Earlier this month, US Environmental Protection Administration administrator Scott Pruitt appeared on Fox News Sunday and boasted that his agency has achieved “a 65% reduction in those key air pollutants—SOx [sulphur oxides] and NOx [nitrogen oxides] and particulate matter and ozone—while at the same time growing our economy.” Oddly—and unlike each of his predecessors—Pruitt wasn’t making these claims to support continuing the E.P.A.’s work. He went on to defend massive cuts in the agency’s budget.

The E.P.A.’s budget today is about $8.14 billion, which is already some 20% below the Obama era’s 2010 budget.
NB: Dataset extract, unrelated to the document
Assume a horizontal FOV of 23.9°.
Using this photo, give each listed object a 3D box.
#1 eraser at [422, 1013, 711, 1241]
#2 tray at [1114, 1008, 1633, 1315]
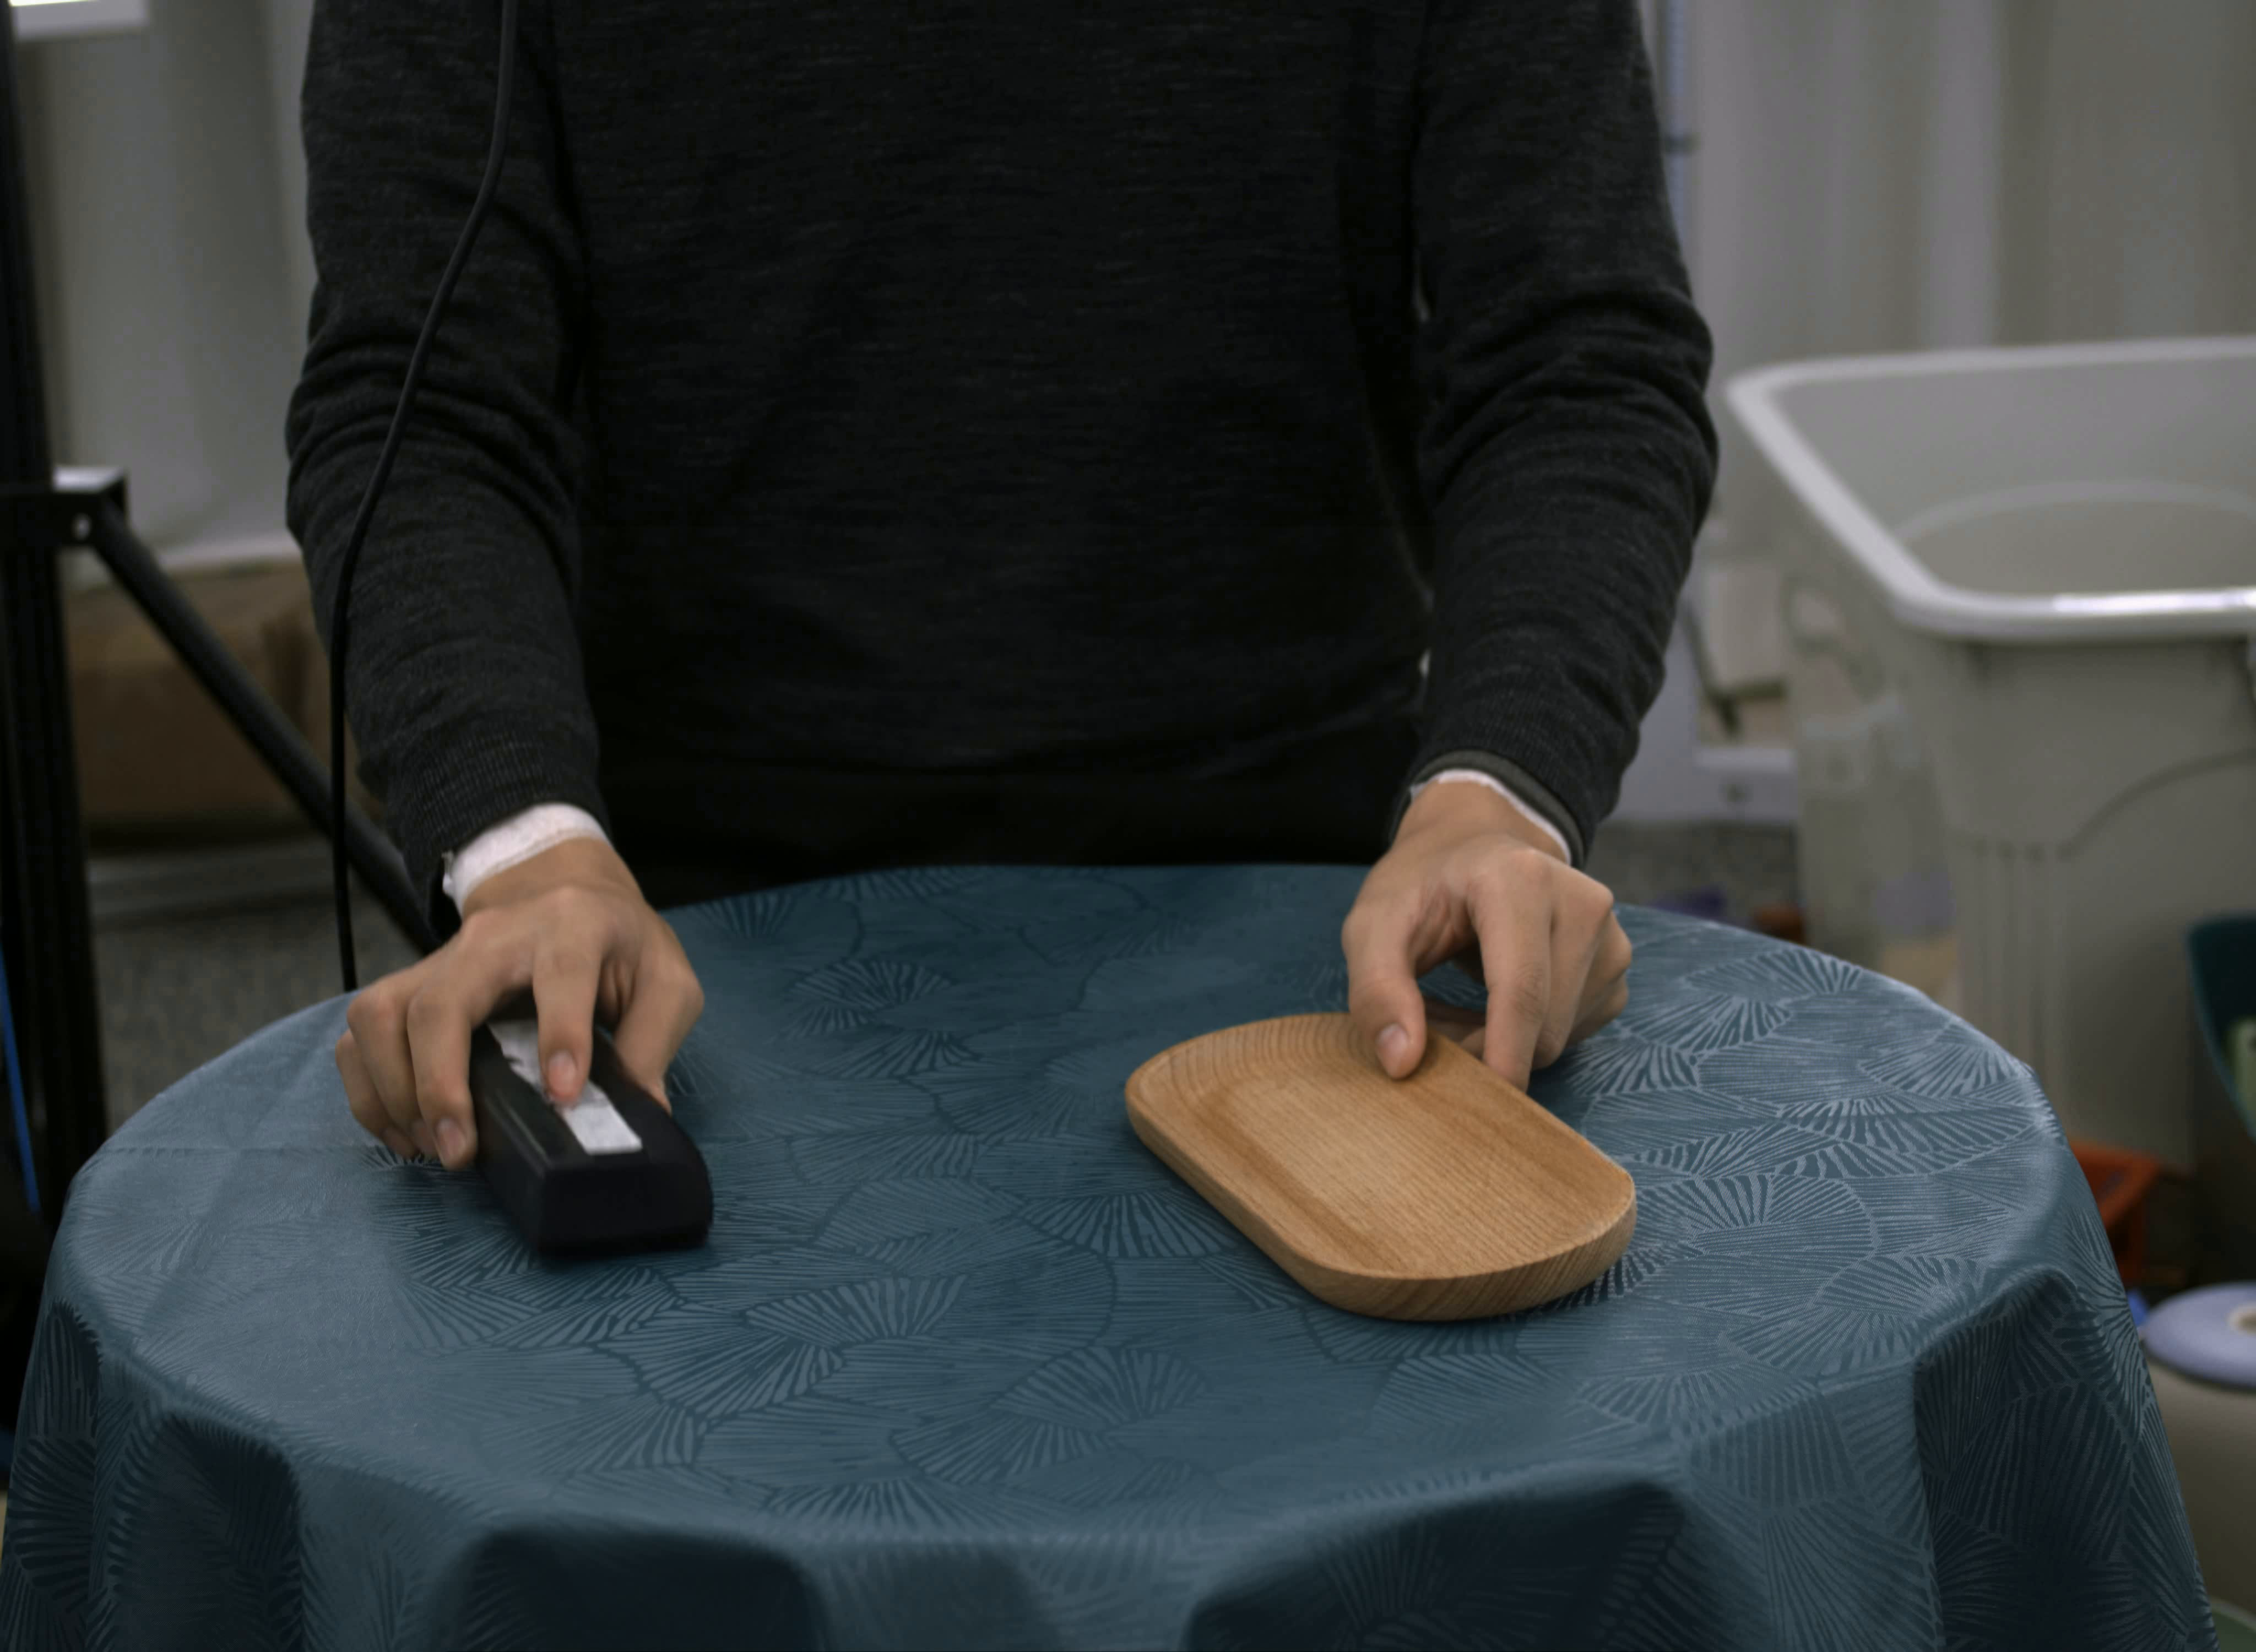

That translates to around $25 per person annually. Federal personal tax revenues are about $5,000 per person; therefore, the E.P.A. is funded with about 0.5% of a per capita tax bill.

Pruitt supports slashing the E.P.A. budget by more than 30% to a level closer to that which the agency received in the late 1970s. On a per capita basis, the proposed E.P.A. funding would constitute just 0.3% of the average tax bill. While everyone wants to pay less in taxes, the reductions supported by Pruitt could have many costly impacts on public health, the environment and even the competitiveness and stability of American businesses.

For one, Mr. Pruitt ignores the fact that the benefits of the E.P.A.’s rules to reduce harmful air pollution significantly exceed their costs. By 2020, for example, the benefits of enforcing the 1990 Clean Air Act will likely exceed costs by a factor of 30 to 1. This includes cleaner, healthier air, which is expected to prevent 230,000 early deaths annually in 2020. Over 2.4 million asthma sufferers will be able to breathe more easily, and 5.4 million lost school days and 17 million lost workdays will be avoided, each annually in 2020. Without adequate funding for critical E.P.A. programs like the clean air programs, the data will tell another story: one of much higher costs for the nation, both in human and economic terms.

A slashed E.P.A. budget will also have a deleterious impact on the research, development and enforcement of programs that save American lives every day.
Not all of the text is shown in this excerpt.